Kahramanımızın teni doğa koşulları yüzünden yıpranmış; zayıf bir bedeni ve ince bir yüzü var. Don Kişot’un çocukluk ve yetişkinlik dönemi hakkında ise hiçbir şey bilmiyoruz. Yalnızca çok az uyuyup çok fazla roman okumuş olmaktan dolayı beyninin ‘sulandığı’ konusunda bilgilendiriliyoruz. Yaklaşık bin sayfa sonra Don Kişot’u (Cervantes’in kendisine verdiği diğer isimlerle Alonso Quixada ya da Quexada) ölüm yatağında görüyoruz. Kitabın 1615 yılında çıkan ikinci cildinde Don Kişot ölüyor. Alonso Fernandez de Avallaneda adlı biri, Cervantes’i yapıtını tamamlaması konusunda zorlayan unsurdu. Belki yazarın kendisi de 1616 Nisanı’ndaki ölümünün yaklaştığını hissetmişti.
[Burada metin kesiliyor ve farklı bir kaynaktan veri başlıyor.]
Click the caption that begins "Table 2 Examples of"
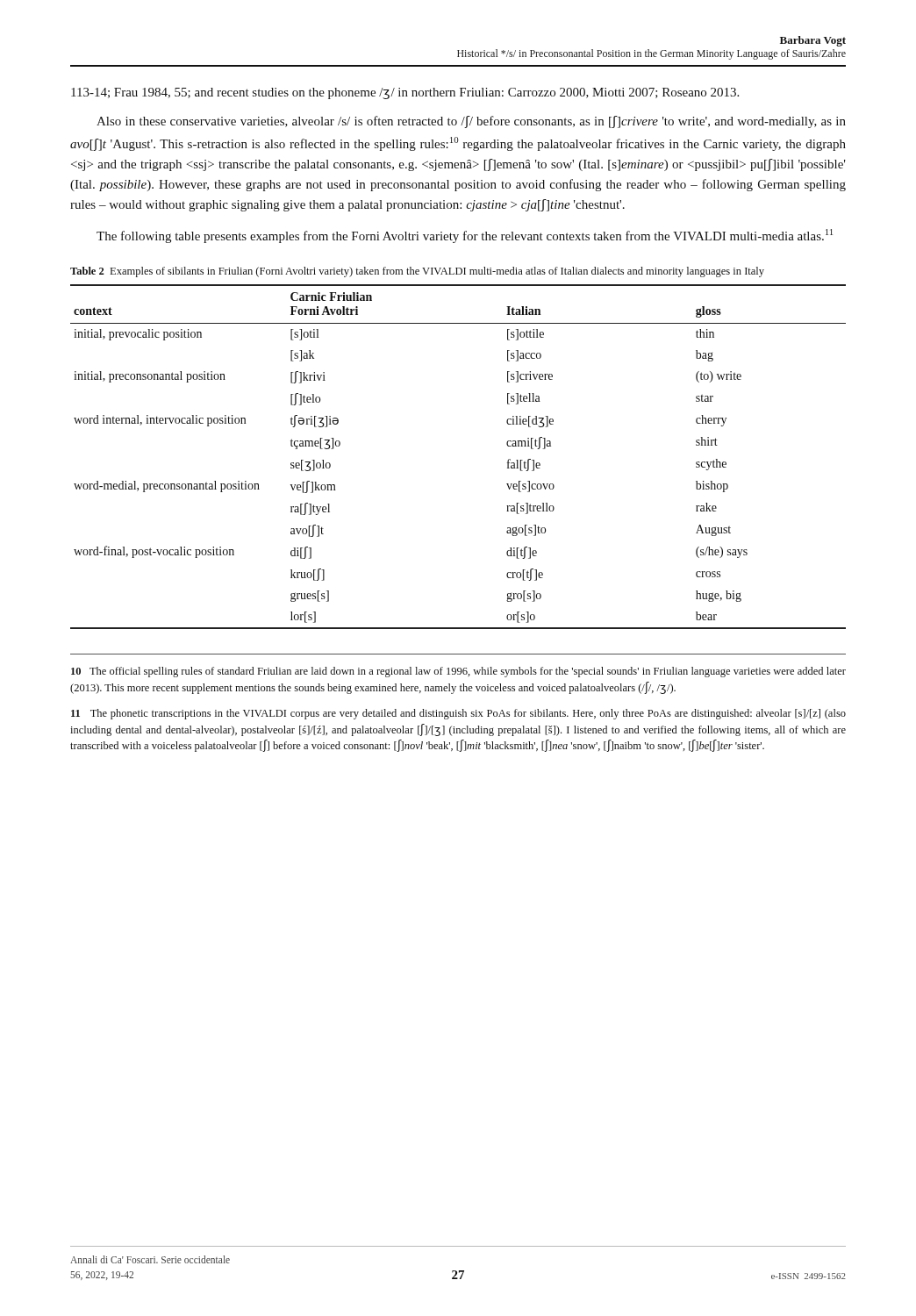916x1316 pixels. click(417, 271)

Don Kişot ölmüş olabilir ama hayaleti yaşamaya devam ediyor. Ona bayılanlar ve (azınlıkta kalsalar) da onu sevmeyenler bir tür lejyon gibiler. Don Kişot’tan esinler taşıyan operalar, müzikaller, sinema uyarlamaları ve kurgu eserler ortaya çıkmaya devam ediyor. Laurence Sterne, ''Tristram Shandy''yi yazarken Don Kişot’tan esinlenmişti. Gustave Flaubert, ''Madame Bovary''de tıpkı Dostoyevski’nin ''Budala''da yaptığı gibi, ona saygı duruşunda bulundu. Isaac Bashevis Singer’ın ''Gimpel The Fool'' (Aptal Gimpel) adlı eseri, Don Kişot’tan esinlenilerek yazılan bir başka romandı. Örnekler böyle uzayıp gidiyor…
Düşünce konusunda hep ileri adımlar atmayı başarmış olan Miguel Unamuno, Josa Ortega y Gasset, Salvador de Madariaga y Rojo ve Americo Castro gibi İspanyol ve Portekizli yazarlardan Samuel Johnson, Denis Diderot, Franz Kafka, Thomas Mann, Lionel Triling ve Vladimir Nabokov gibi isimler de Don Kişot’tan etkilenenler arasında.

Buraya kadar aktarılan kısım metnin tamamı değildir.